Task: Two lines mark the range in the entries below: the one holding "#7 picture/frame [67,170,89,205]" and the one holding "#8 cabinet/shelf [28,195,159,300]". Set down those two and all lines between them, exactly.

Given records:
________________________________________

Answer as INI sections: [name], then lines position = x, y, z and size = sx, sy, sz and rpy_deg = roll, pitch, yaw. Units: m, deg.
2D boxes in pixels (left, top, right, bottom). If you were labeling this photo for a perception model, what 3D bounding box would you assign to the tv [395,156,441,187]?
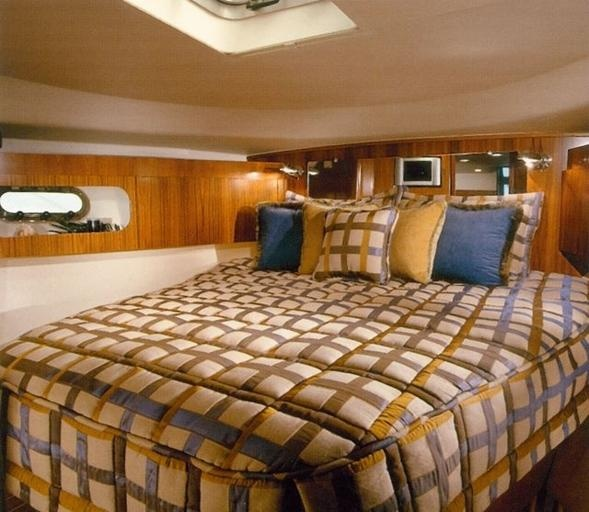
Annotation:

________________________________________

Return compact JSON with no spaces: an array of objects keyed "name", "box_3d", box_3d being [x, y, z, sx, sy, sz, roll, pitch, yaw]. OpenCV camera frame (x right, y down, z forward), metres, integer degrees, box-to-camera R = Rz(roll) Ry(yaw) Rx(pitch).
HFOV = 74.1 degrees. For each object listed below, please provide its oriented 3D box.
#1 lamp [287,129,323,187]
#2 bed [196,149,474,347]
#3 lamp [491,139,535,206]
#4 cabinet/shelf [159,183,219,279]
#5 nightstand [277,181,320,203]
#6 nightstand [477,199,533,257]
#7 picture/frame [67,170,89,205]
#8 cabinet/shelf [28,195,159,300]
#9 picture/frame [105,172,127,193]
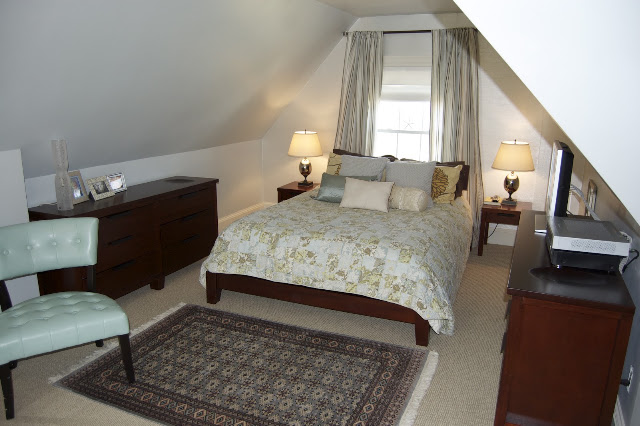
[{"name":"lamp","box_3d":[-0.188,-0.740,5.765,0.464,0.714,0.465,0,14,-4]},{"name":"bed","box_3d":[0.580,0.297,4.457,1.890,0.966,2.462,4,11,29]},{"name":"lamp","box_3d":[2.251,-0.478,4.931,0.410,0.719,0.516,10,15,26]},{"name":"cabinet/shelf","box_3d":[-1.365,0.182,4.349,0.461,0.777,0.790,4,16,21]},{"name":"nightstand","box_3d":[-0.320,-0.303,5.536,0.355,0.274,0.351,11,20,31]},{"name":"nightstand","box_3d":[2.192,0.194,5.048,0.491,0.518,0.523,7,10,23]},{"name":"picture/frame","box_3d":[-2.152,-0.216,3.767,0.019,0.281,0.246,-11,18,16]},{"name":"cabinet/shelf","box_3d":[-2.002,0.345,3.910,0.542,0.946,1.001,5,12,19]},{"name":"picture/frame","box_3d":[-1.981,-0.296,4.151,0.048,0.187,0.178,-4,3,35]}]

________________________________________

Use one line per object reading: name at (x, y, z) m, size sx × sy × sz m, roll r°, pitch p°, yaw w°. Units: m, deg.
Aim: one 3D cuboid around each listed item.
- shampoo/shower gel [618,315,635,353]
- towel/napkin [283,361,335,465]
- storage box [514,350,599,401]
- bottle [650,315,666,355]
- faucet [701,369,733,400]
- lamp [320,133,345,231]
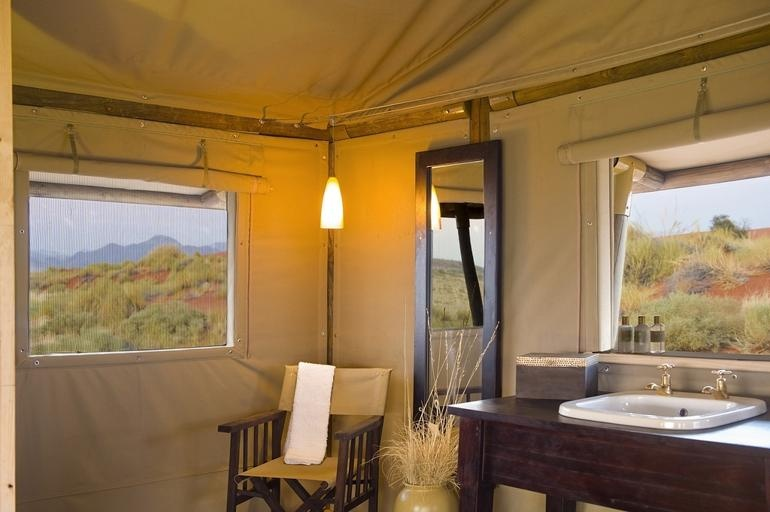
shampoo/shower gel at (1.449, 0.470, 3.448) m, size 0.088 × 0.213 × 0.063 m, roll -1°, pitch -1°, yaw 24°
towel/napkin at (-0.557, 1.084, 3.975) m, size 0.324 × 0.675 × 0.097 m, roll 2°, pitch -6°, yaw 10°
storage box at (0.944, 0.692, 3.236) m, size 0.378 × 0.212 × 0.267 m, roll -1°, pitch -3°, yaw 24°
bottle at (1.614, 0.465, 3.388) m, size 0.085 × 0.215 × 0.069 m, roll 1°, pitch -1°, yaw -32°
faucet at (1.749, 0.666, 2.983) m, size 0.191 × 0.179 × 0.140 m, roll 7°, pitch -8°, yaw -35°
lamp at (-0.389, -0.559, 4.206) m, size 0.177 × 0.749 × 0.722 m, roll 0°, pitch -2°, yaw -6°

________________________________________

Solution for this exercise:
#7 picture/frame [67,170,89,205]
#8 cabinet/shelf [28,195,159,300]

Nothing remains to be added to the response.